▸ Action item
Each line of the data holding "roll" should be found and copied.

▸ Given data
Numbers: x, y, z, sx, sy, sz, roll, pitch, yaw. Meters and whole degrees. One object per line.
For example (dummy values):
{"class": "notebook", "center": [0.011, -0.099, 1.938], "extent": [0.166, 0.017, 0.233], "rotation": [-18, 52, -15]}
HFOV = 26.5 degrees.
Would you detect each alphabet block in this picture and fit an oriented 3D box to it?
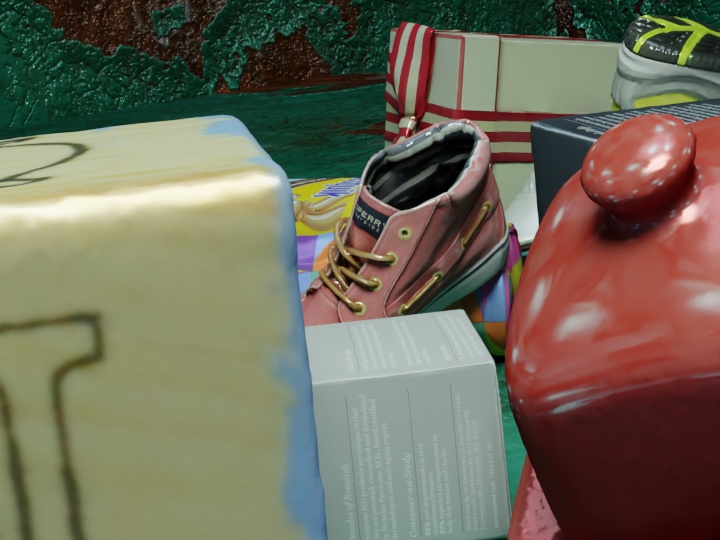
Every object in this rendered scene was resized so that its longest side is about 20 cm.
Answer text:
{"class": "alphabet block", "center": [-0.120, 0.061, 0.514], "extent": [0.199, 0.198, 0.195], "rotation": [-7, 10, -8]}

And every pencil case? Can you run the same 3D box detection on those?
{"class": "pencil case", "center": [0.008, 0.018, 0.944], "extent": [0.199, 0.089, 0.088], "rotation": [-1, 12, 12]}

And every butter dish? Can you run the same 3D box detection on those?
{"class": "butter dish", "center": [0.130, 0.005, 0.571], "extent": [0.199, 0.148, 0.200], "rotation": [-13, 40, 34]}

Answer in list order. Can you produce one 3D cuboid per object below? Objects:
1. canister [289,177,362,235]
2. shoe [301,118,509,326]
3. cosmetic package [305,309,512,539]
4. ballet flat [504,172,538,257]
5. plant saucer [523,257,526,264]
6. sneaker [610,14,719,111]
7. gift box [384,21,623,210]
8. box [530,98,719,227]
{"class": "canister", "center": [-0.027, -0.025, 1.151], "extent": [0.199, 0.087, 0.148], "rotation": [2, 13, 37]}
{"class": "shoe", "center": [0.000, 0.000, 0.835], "extent": [0.200, 0.091, 0.071], "rotation": [-38, 49, -22]}
{"class": "cosmetic package", "center": [-0.040, 0.076, 0.679], "extent": [0.199, 0.091, 0.107], "rotation": [-9, 12, 0]}
{"class": "ballet flat", "center": [0.157, -0.057, 1.024], "extent": [0.199, 0.070, 0.069], "rotation": [-16, 15, -38]}
{"class": "plant saucer", "center": [0.169, -0.006, 1.055], "extent": [0.199, 0.048, 0.200], "rotation": [1, 13, 30]}
{"class": "sneaker", "center": [0.236, -0.100, 0.925], "extent": [0.199, 0.077, 0.076], "rotation": [8, 32, -19]}
{"class": "gift box", "center": [0.106, -0.112, 1.297], "extent": [0.186, 0.186, 0.200], "rotation": [0, 6, -21]}
{"class": "box", "center": [0.206, -0.015, 0.834], "extent": [0.199, 0.149, 0.107], "rotation": [-8, 12, -10]}
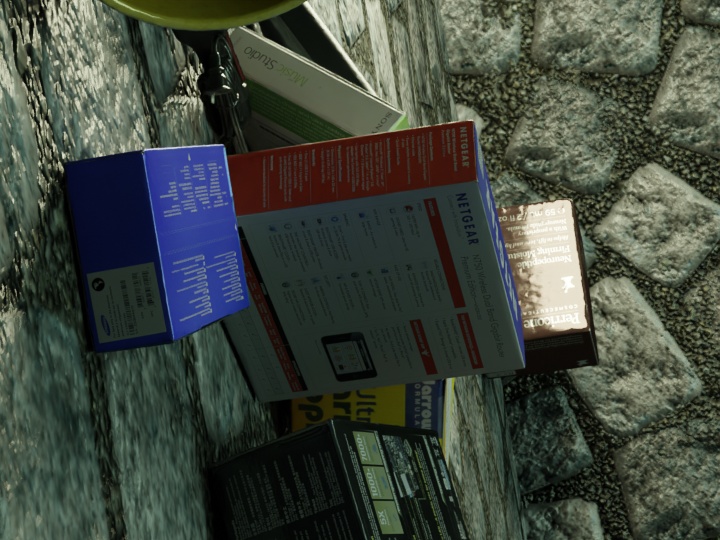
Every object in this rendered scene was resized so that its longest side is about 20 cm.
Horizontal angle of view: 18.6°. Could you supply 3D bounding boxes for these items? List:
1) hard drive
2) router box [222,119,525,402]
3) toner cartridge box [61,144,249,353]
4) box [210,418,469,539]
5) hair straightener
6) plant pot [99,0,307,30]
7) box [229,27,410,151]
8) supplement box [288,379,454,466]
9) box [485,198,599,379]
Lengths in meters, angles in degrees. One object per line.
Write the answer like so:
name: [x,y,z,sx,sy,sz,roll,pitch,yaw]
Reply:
hard drive: [-0.013,-0.120,1.614,0.200,0.033,0.140,55,-7,32]
router box: [0.000,0.000,1.360,0.200,0.179,0.049,72,13,-52]
toner cartridge box: [-0.102,-0.015,1.140,0.200,0.043,0.095,-24,106,-82]
box: [0.008,0.198,1.302,0.164,0.086,0.200,14,57,-66]
hair straightener: [-0.097,-0.127,1.346,0.200,0.041,0.077,79,7,-51]
plant pot: [-0.087,-0.237,1.065,0.142,0.200,0.200,51,-19,50]
box: [-0.016,-0.072,1.504,0.036,0.144,0.200,-52,153,-16]
supplement box: [0.012,0.069,1.575,0.200,0.109,0.109,-80,170,-67]
box: [0.237,0.027,3.072,0.164,0.166,0.200,64,19,-68]

▸ Output for this task
Numbers: x, y, z, sx, sy, sz, roll, pitch, yaw. Meters and whole degrees. One object per line.
name: [x,y,z,sx,sy,sz,roll,pitch,yaw]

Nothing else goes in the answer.